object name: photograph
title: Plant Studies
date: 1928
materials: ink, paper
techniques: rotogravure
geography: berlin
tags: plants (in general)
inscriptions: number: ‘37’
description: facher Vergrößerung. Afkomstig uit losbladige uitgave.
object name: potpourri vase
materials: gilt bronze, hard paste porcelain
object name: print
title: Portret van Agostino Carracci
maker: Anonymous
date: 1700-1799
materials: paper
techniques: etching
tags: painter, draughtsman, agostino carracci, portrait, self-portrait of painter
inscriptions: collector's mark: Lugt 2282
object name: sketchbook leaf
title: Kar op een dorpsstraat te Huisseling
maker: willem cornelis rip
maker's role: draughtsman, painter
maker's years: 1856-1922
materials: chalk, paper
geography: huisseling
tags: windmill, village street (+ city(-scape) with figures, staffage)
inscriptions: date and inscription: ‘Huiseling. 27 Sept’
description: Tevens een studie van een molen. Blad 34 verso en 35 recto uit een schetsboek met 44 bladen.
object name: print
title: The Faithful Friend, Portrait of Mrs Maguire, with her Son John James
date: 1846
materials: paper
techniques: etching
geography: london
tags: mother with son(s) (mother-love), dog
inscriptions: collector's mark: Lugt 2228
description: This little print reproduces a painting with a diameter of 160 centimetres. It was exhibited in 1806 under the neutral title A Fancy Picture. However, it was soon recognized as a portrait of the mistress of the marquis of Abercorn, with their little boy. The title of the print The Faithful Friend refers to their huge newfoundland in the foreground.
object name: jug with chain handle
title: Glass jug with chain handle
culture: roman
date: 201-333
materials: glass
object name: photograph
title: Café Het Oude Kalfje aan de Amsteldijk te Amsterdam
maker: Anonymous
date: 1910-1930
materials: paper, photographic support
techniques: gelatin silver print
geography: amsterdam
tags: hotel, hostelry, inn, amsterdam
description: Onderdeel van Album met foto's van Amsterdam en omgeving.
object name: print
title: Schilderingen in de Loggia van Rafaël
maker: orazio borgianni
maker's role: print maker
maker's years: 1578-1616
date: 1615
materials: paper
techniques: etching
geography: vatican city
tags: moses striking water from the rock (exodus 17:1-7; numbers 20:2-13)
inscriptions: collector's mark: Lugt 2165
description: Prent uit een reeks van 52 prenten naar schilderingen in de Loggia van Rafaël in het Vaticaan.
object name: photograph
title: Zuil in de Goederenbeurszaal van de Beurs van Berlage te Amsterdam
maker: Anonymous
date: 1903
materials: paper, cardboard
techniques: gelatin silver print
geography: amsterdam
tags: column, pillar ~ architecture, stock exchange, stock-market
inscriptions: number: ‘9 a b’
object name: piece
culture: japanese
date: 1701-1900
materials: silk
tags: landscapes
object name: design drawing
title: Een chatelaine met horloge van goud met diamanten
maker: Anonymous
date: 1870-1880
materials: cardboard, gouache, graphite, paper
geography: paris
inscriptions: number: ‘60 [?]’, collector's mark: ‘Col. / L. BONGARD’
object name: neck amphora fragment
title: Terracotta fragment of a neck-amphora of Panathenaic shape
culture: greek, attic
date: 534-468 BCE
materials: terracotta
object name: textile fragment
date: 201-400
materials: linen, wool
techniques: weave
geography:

-=-=-

What is being asked
All entries must be repeated verbatim.

Answer to this task
object name: photograph
title: Plant Studies
date: 1928
materials: ink, paper
techniques: rotogravure
geography: berlin
tags: plants (in general)
inscriptions: number: ‘37’
description: facher Vergrößerung. Afkomstig uit losbladige uitgave.
object name: potpourri vase
materials: gilt bronze, hard paste porcelain
object name: print
title: Portret van Agostino Carracci
maker: Anonymous
date: 1700-1799
materials: paper
techniques: etching
tags: painter, draughtsman, agostino carracci, portrait, self-portrait of painter
inscriptions: collector's mark: Lugt 2282
object name: sketchbook leaf
title: Kar op een dorpsstraat te Huisseling
maker: willem cornelis rip
maker's role: draughtsman, painter
maker's years: 1856-1922
materials: chalk, paper
geography: huisseling
tags: windmill, village street (+ city(-scape) with figures, staffage)
inscriptions: date and inscription: ‘Huiseling. 27 Sept’
description: Tevens een studie van een molen. Blad 34 verso en 35 recto uit een schetsboek met 44 bladen.
object name: print
title: The Faithful Friend, Portrait of Mrs Maguire, with her Son John James
date: 1846
materials: paper
techniques: etching
geography: london
tags: mother with son(s) (mother-love), dog
inscriptions: collector's mark: Lugt 2228
description: This little print reproduces a painting with a diameter of 160 centimetres. It was exhibited in 1806 under the neutral title A Fancy Picture. However, it was soon recognized as a portrait of the mistress of the marquis of Abercorn, with their little boy. The title of the print The Faithful Friend refers to their huge newfoundland in the foreground.
object name: jug with chain handle
title: Glass jug with chain handle
culture: roman
date: 201-333
materials: glass
object name: photograph
title: Café Het Oude Kalfje aan de Amsteldijk te Amsterdam
maker: Anonymous
date: 1910-1930
materials: paper, photographic support
techniques: gelatin silver print
geography: amsterdam
tags: hotel, hostelry, inn, amsterdam
description: Onderdeel van Album met foto's van Amsterdam en omgeving.
object name: print
title: Schilderingen in de Loggia van Rafaël
maker: orazio borgianni
maker's role: print maker
maker's years: 1578-1616
date: 1615
materials: paper
techniques: etching
geography: vatican city
tags: moses striking water from the rock (exodus 17:1-7; numbers 20:2-13)
inscriptions: collector's mark: Lugt 2165
description: Prent uit een reeks van 52 prenten naar schilderingen in de Loggia van Rafaël in het Vaticaan.
object name: photograph
title: Zuil in de Goederenbeurszaal van de Beurs van Berlage te Amsterdam
maker: Anonymous
date: 1903
materials: paper, cardboard
techniques: gelatin silver print
geography: amsterdam
tags: column, pillar ~ architecture, stock exchange, stock-market
inscriptions: number: ‘9 a b’
object name: piece
culture: japanese
date: 1701-1900
materials: silk
tags: landscapes
object name: design drawing
title: Een chatelaine met horloge van goud met diamanten
maker: Anonymous
date: 1870-1880
materials: cardboard, gouache, graphite, paper
geography: paris
inscriptions: number: ‘60 [?]’, collector's mark: ‘Col. / L. BONGARD’
object name: neck amphora fragment
title: Terracotta fragment of a neck-amphora of Panathenaic shape
culture: greek, attic
date: 534-468 BCE
materials: terracotta
object name: textile fragment
date: 201-400
materials: linen, wool
techniques: weave
geography:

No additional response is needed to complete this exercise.